In this way, the flow rate of surface runoff water from the gorge is significantly reduced, which prevents the outflow of earth and sand and reduces erosion. In addition, the dam frame 10 has a rigid structure with a triangular side cross section, so even if a boulder collides with it, it will not break like a conventional steel dam with a λ-shaped side cross section, and can reliably stop the boulders. .

As can be seen from the above explanation, the steel dam according to the present invention is constructed by providing a dam frame with a triangular side cross section and a permeable wall material with an inclined front on a steel box frame. There is no need to cast foundation concrete like in a manufactured dam, and the structural members transported to the site are assembled in the excavated part of the ravine floor into a steel box frame at the bottom of the steel dam, and the screen material on the front, back, and bottom is transparent. Because a stable foundation for a steel dam can be obtained simply by filling it with stones of a size that is not large, it has excellent workability and construction of a steel dam can be carried out quickly and easily. In addition, according to the steel dam of the present invention, running water that passes through the screen material on the sloped front of the dam frame on the steel box frame flows down into the steel box frame at the bottom, and passes through between the filled stones. Since the water is discharged into the ground through the bottom and rear screen materials and expanded, the flow rate of surface runoff downstream can be significantly reduced and the base flow can be recharged, especially during floods.

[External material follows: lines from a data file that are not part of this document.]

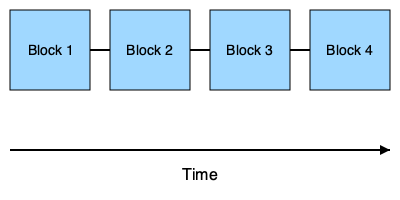In the context of secure patient data management, which shape in the diagram best represents the basic structure of a blockchain, and why is this structure beneficial for maintaining data integrity? 1. The diagram shows a series of connected rectangles, labeled as blocks.
2. Each block is connected to the next one, forming a chain-like structure.
3. This representation illustrates the fundamental structure of a blockchain:
   a. Each rectangle represents a block containing data (in this case, patient information).
   b. The connections between blocks represent the cryptographic links that ensure data integrity.
4. The arrow at the bottom indicates the progression of time, showing that blocks are added sequentially.
5. This structure is beneficial for maintaining data integrity because:
   a. Each block contains a reference to the previous block (cryptographic hash).
   b. Any attempt to alter data in a previous block would break the chain, making tampering evident.
   c. The sequential nature ensures a clear timeline of data entries.
6. In healthcare, this structure can help maintain an immutable and transparent record of patient data, ensuring that medical histories cannot be altered without detection.
Answer: Rectangle (Block); ensures data immutability and transparency 
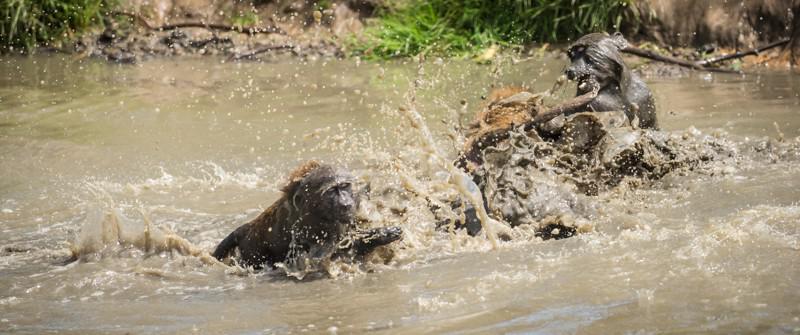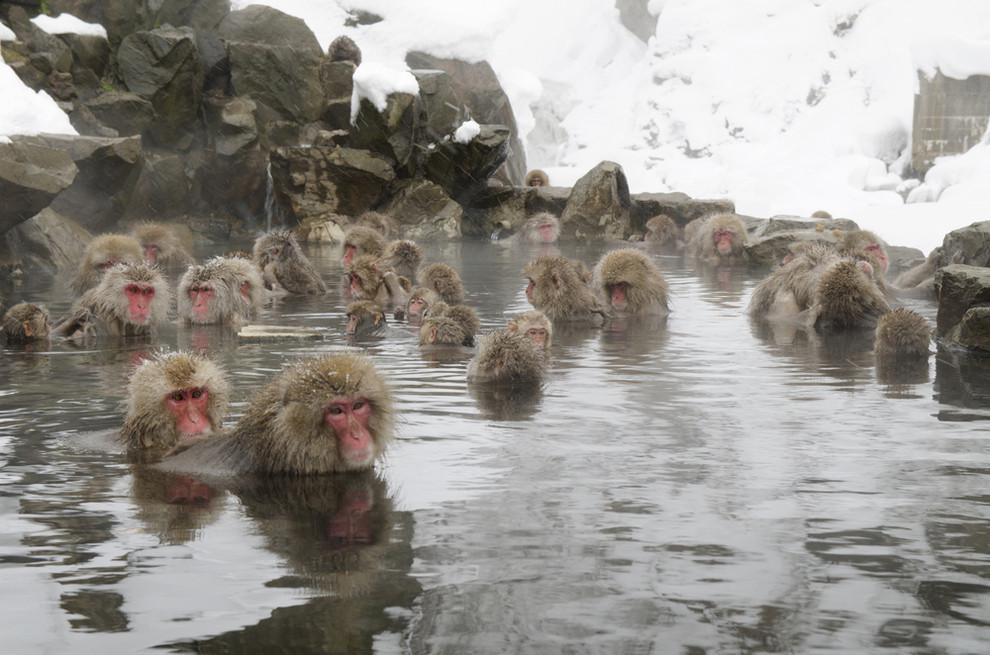The first image is the image on the left, the second image is the image on the right. Evaluate the accuracy of this statement regarding the images: "Both images show multiple monkeys in pools of water.". Is it true? Answer yes or no. Yes. 
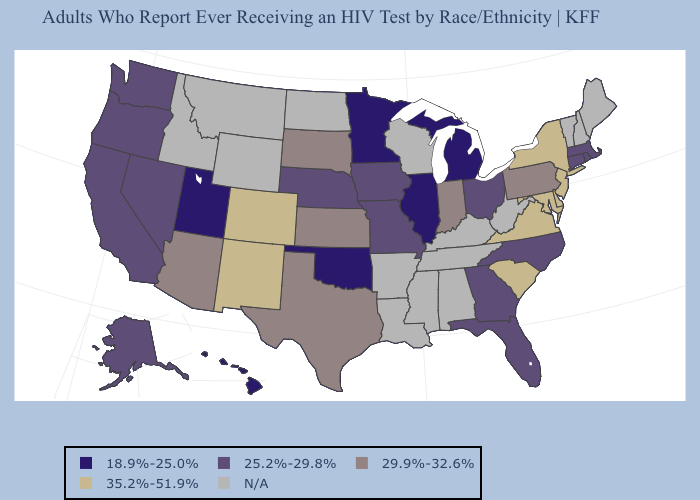What is the value of Maine?
Be succinct. N/A. What is the lowest value in the South?
Concise answer only. 18.9%-25.0%. What is the value of Maryland?
Quick response, please. 35.2%-51.9%. Name the states that have a value in the range 25.2%-29.8%?
Be succinct. Alaska, California, Connecticut, Florida, Georgia, Iowa, Massachusetts, Missouri, Nebraska, Nevada, North Carolina, Ohio, Oregon, Rhode Island, Washington. What is the lowest value in the USA?
Be succinct. 18.9%-25.0%. Name the states that have a value in the range N/A?
Concise answer only. Alabama, Arkansas, Idaho, Kentucky, Louisiana, Maine, Mississippi, Montana, New Hampshire, North Dakota, Tennessee, Vermont, West Virginia, Wisconsin, Wyoming. Name the states that have a value in the range 29.9%-32.6%?
Be succinct. Arizona, Indiana, Kansas, Pennsylvania, South Dakota, Texas. Does the map have missing data?
Concise answer only. Yes. What is the value of Michigan?
Be succinct. 18.9%-25.0%. What is the value of Arizona?
Be succinct. 29.9%-32.6%. Name the states that have a value in the range 25.2%-29.8%?
Give a very brief answer. Alaska, California, Connecticut, Florida, Georgia, Iowa, Massachusetts, Missouri, Nebraska, Nevada, North Carolina, Ohio, Oregon, Rhode Island, Washington. Does the map have missing data?
Quick response, please. Yes. What is the value of Minnesota?
Concise answer only. 18.9%-25.0%. Name the states that have a value in the range 29.9%-32.6%?
Give a very brief answer. Arizona, Indiana, Kansas, Pennsylvania, South Dakota, Texas. Among the states that border New Mexico , which have the lowest value?
Keep it brief. Oklahoma, Utah. 
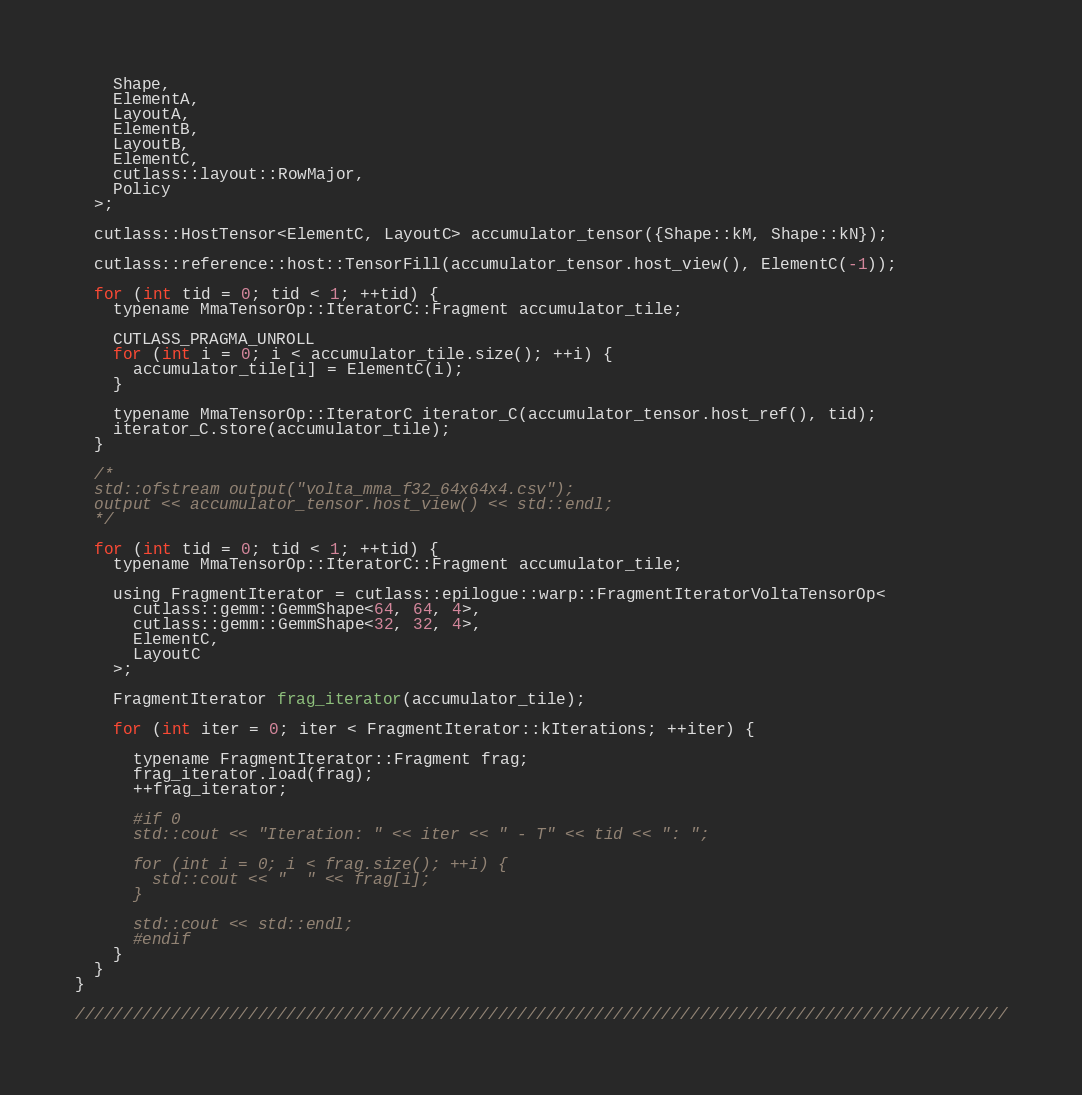<code> <loc_0><loc_0><loc_500><loc_500><_Cuda_>    Shape,
    ElementA,
    LayoutA,
    ElementB,
    LayoutB,
    ElementC,
    cutlass::layout::RowMajor,
    Policy
  >;

  cutlass::HostTensor<ElementC, LayoutC> accumulator_tensor({Shape::kM, Shape::kN});

  cutlass::reference::host::TensorFill(accumulator_tensor.host_view(), ElementC(-1));

  for (int tid = 0; tid < 1; ++tid) {
    typename MmaTensorOp::IteratorC::Fragment accumulator_tile;

    CUTLASS_PRAGMA_UNROLL
    for (int i = 0; i < accumulator_tile.size(); ++i) {
      accumulator_tile[i] = ElementC(i);
    }

    typename MmaTensorOp::IteratorC iterator_C(accumulator_tensor.host_ref(), tid);  
    iterator_C.store(accumulator_tile);
  }

  /*
  std::ofstream output("volta_mma_f32_64x64x4.csv");
  output << accumulator_tensor.host_view() << std::endl;
  */

  for (int tid = 0; tid < 1; ++tid) {
    typename MmaTensorOp::IteratorC::Fragment accumulator_tile;

    using FragmentIterator = cutlass::epilogue::warp::FragmentIteratorVoltaTensorOp<
      cutlass::gemm::GemmShape<64, 64, 4>,
      cutlass::gemm::GemmShape<32, 32, 4>,
      ElementC,
      LayoutC
    >; 
    
    FragmentIterator frag_iterator(accumulator_tile);

    for (int iter = 0; iter < FragmentIterator::kIterations; ++iter) {

      typename FragmentIterator::Fragment frag;
      frag_iterator.load(frag);
      ++frag_iterator;

      #if 0
      std::cout << "Iteration: " << iter << " - T" << tid << ": ";
      
      for (int i = 0; i < frag.size(); ++i) {
        std::cout << "  " << frag[i];
      }

      std::cout << std::endl;
      #endif
    }
  }
}

/////////////////////////////////////////////////////////////////////////////////////////////////
</code>

This effect becomes noticeable during times of high water and high water levels, suppressing the outflow of earth and sand and erosion of the valley floor.

Furthermore, since the steel dam of the present invention has a rigid upper dam frame with a triangular side cross section, it can reliably catch boulders and prevent damage.

[Brief explanation of the drawing]

Figure 1 is a partially assembled perspective view of the steel dam of the present invention;
Figure 2 is a side cross-sectional view showing the assembled construction in the dugout part of the valley floor, Figure 3 is a view taken along the line A-A in Figure 2, and Figure 4 is a view taken along the line B-B in Figure 2. The perspective view, FIG. 5, is a view taken along the line C--C in FIG. 2. 1... Steel box frame, 2... Support, 3... Beam, 4... Horizontal beam, 5... Connecting plate, 6... Auxiliary column, 7... Reinforcement diagonal material,
8... Bracket, 9... Screen material, 10... Embankment frame, 11... Permeable wall material, 12... Supporting material,
13... Bracket, 14... Diagonal member, 15... Frame column, 1
6...Screen material, 17...Support column, 18...Beam, 1
9... Bracket, 20... Diagonal material, 21... Valley floor, 22
...stone, 23...sedimentary layer.

Claims (1)

[Scope of utility model registration request] The four pillars at the front, rear, left, and right corners are connected by four beams at the front, top, and bottom, and four horizontal beams at the left, right, top, and bottom, and are based on a steel box frame with screen material stretched on the front, rear, and bottom surfaces. The lower end of a transparent wall material with a front slope, which is made by stretching a screen material on the frame columns, is connected and fixed to the upper surface of the pair of upper horizontal beams of the steel box frame, and the upper end of the wall material and the steel A steel dam characterized in that a dam frame with a triangular side cross section is formed on a steel box frame by connecting the rear support of the box frame with a vertical support column.